**Action item**
With pictures left out, write out exactly every line from the start of the data through the one that contains "table_cell 10 [682, 820, 903, 861]".

**Data to use**
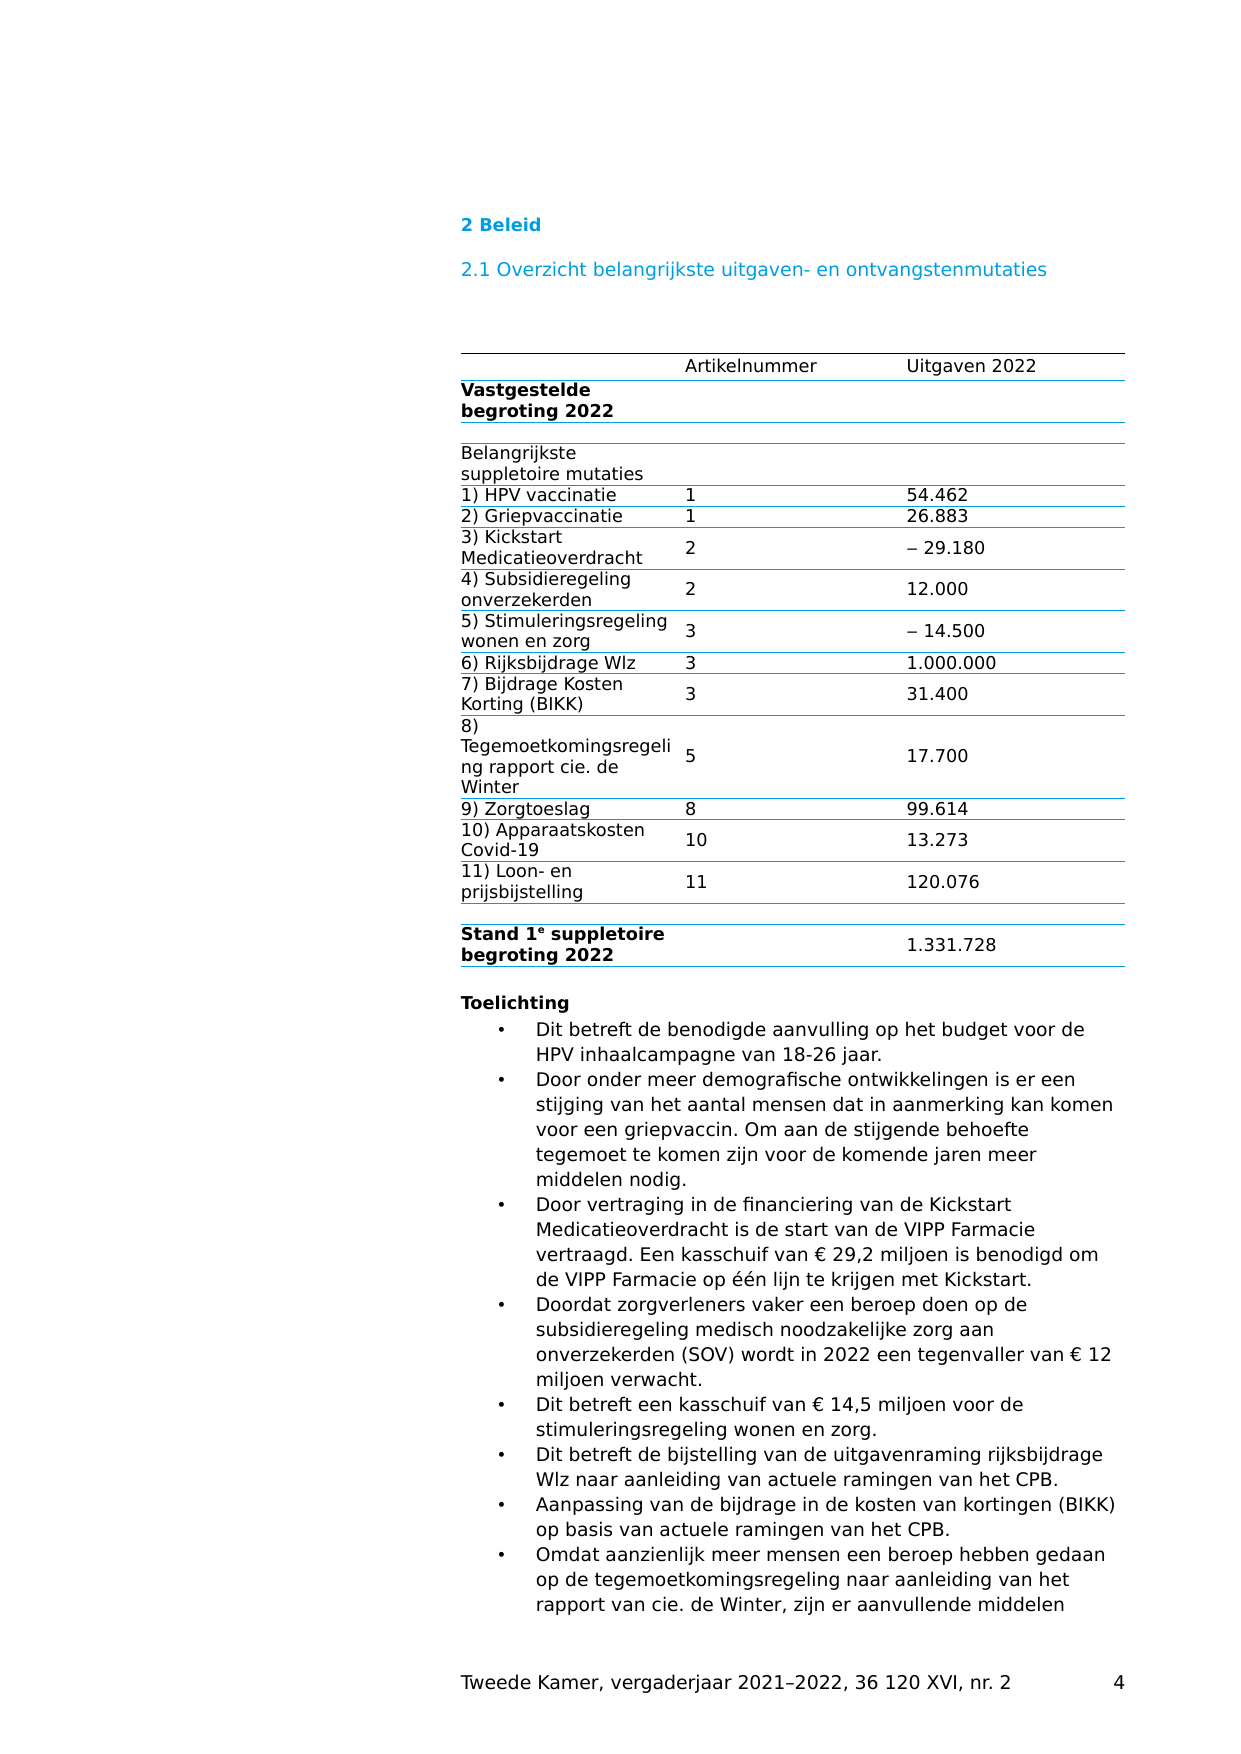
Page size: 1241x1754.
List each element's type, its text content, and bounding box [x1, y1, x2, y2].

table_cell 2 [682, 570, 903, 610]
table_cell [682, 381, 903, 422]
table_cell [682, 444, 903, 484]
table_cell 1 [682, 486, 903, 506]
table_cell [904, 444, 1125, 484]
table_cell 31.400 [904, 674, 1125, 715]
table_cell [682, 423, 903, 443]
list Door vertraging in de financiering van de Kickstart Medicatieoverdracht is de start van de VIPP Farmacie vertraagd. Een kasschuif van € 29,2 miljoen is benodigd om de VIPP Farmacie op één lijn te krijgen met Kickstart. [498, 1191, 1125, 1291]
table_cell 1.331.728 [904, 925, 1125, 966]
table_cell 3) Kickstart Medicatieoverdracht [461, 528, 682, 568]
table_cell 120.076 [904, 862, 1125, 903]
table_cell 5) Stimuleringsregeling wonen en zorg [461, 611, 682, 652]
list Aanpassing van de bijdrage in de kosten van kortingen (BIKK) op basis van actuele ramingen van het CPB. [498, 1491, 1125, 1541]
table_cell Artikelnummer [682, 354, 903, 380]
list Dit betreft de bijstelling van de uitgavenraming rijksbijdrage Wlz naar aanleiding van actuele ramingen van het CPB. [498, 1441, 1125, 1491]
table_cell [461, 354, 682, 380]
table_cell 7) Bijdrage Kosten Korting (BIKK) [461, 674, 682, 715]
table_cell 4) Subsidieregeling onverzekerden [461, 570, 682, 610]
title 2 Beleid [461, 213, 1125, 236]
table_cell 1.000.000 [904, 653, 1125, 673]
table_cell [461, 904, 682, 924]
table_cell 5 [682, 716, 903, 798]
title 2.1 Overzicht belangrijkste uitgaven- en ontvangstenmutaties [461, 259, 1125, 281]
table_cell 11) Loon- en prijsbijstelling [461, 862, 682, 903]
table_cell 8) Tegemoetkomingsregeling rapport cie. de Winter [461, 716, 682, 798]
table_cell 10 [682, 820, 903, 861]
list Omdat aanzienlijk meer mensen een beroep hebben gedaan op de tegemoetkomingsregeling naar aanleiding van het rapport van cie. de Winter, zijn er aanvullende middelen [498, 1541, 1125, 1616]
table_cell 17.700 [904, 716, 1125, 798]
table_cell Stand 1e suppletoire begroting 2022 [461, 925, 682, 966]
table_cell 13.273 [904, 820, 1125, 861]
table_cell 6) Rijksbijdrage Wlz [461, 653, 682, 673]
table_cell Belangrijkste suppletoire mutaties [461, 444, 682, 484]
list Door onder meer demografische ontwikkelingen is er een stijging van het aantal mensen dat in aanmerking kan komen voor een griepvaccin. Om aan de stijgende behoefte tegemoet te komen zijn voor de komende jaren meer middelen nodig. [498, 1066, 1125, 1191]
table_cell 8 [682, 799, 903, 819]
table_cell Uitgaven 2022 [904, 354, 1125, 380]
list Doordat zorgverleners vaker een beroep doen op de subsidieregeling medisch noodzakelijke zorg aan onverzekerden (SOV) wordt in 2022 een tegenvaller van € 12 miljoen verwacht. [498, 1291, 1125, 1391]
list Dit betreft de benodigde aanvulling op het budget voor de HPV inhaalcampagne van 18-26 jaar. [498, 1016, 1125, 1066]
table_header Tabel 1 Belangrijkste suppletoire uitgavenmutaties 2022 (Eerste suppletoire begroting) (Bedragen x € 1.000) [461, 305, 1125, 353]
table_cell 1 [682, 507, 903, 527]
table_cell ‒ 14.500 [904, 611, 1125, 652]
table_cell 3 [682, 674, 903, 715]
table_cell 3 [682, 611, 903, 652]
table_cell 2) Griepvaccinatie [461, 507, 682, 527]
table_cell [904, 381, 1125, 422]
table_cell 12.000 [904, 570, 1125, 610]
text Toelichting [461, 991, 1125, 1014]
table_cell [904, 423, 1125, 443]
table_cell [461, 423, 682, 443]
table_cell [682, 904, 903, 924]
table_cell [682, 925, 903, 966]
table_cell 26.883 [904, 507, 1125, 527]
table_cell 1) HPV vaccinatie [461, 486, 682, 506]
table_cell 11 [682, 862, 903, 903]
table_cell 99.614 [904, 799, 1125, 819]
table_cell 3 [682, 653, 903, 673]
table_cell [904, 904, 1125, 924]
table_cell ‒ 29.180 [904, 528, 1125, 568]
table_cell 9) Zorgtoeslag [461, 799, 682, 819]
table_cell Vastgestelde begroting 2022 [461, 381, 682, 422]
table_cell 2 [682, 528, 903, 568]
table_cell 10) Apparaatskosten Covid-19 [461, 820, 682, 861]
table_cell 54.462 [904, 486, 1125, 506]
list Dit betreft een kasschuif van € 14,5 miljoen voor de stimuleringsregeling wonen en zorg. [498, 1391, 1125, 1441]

**Reply to the task**
Page size: 1241x1754.
List each element's type, its text content, and bounding box [x1, y1, x2, y2].

table_cell 2 [682, 570, 903, 610]
table_cell [682, 381, 903, 422]
table_cell [682, 444, 903, 484]
table_cell 1 [682, 486, 903, 506]
table_cell [904, 444, 1125, 484]
table_cell 31.400 [904, 674, 1125, 715]
table_cell [682, 423, 903, 443]
list Door vertraging in de financiering van de Kickstart Medicatieoverdracht is de start van de VIPP Farmacie vertraagd. Een kasschuif van € 29,2 miljoen is benodigd om de VIPP Farmacie op één lijn te krijgen met Kickstart. [498, 1191, 1125, 1291]
table_cell 1.331.728 [904, 925, 1125, 966]
table_cell 3) Kickstart Medicatieoverdracht [461, 528, 682, 568]
table_cell 120.076 [904, 862, 1125, 903]
table_cell 5) Stimuleringsregeling wonen en zorg [461, 611, 682, 652]
list Aanpassing van de bijdrage in de kosten van kortingen (BIKK) op basis van actuele ramingen van het CPB. [498, 1491, 1125, 1541]
table_cell Artikelnummer [682, 354, 903, 380]
list Dit betreft de bijstelling van de uitgavenraming rijksbijdrage Wlz naar aanleiding van actuele ramingen van het CPB. [498, 1441, 1125, 1491]
table_cell [461, 354, 682, 380]
table_cell 7) Bijdrage Kosten Korting (BIKK) [461, 674, 682, 715]
table_cell 4) Subsidieregeling onverzekerden [461, 570, 682, 610]
title 2 Beleid [461, 213, 1125, 236]
table_cell 1.000.000 [904, 653, 1125, 673]
table_cell [461, 904, 682, 924]
table_cell 5 [682, 716, 903, 798]
title 2.1 Overzicht belangrijkste uitgaven- en ontvangstenmutaties [461, 259, 1125, 281]
table_cell 11) Loon- en prijsbijstelling [461, 862, 682, 903]
table_cell 8) Tegemoetkomingsregeling rapport cie. de Winter [461, 716, 682, 798]
table_cell 10 [682, 820, 903, 861]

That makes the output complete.